§ Task statement:
Copy out exactly the lines spanning the line with "Convert code to" to the line with "main()</code>", inclusive, from the data underneath, with no pictures.

··· Exercise data

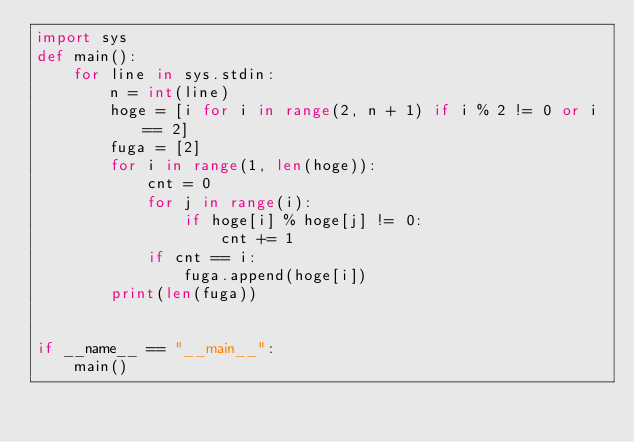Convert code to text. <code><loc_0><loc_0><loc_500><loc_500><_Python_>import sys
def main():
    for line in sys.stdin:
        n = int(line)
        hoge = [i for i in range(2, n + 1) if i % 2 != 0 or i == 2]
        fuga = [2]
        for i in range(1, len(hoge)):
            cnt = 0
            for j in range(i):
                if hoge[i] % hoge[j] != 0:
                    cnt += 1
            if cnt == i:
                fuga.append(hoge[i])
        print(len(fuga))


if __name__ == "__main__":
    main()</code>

······
··· Exercise data

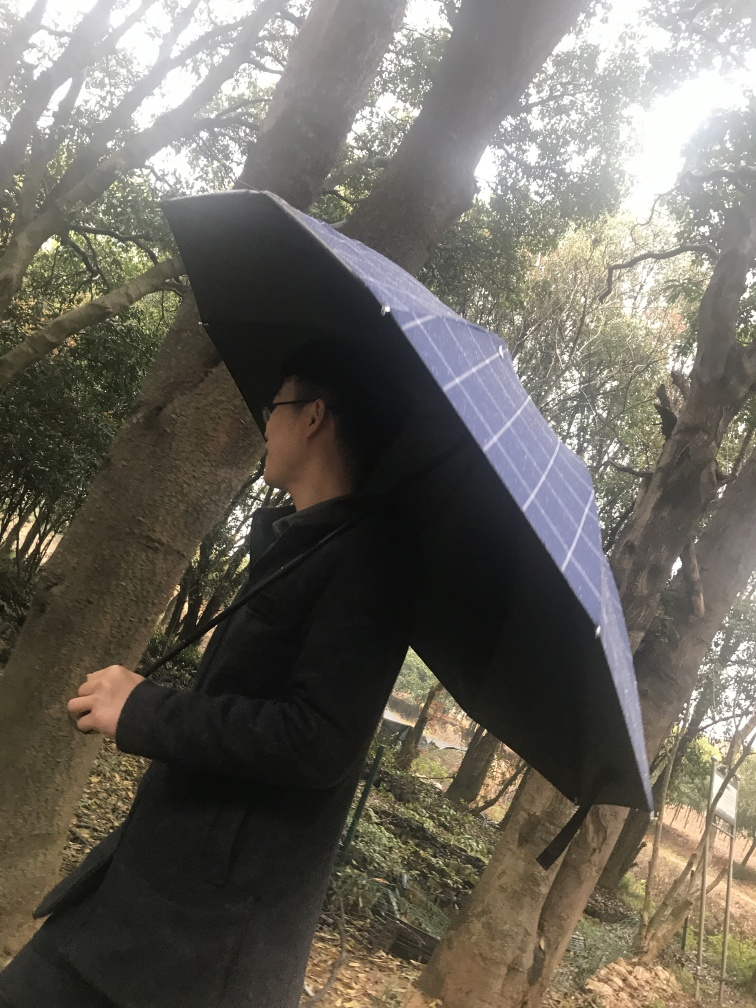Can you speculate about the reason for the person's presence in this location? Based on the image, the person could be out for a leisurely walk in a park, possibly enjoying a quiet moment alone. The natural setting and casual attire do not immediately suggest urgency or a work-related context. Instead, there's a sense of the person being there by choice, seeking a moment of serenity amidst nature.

······

§ Problem solution:
Convert code to text. <code><loc_0><loc_0><loc_500><loc_500><_Python_>import sys
def main():
    for line in sys.stdin:
        n = int(line)
        hoge = [i for i in range(2, n + 1) if i % 2 != 0 or i == 2]
        fuga = [2]
        for i in range(1, len(hoge)):
            cnt = 0
            for j in range(i):
                if hoge[i] % hoge[j] != 0:
                    cnt += 1
            if cnt == i:
                fuga.append(hoge[i])
        print(len(fuga))


if __name__ == "__main__":
    main()</code>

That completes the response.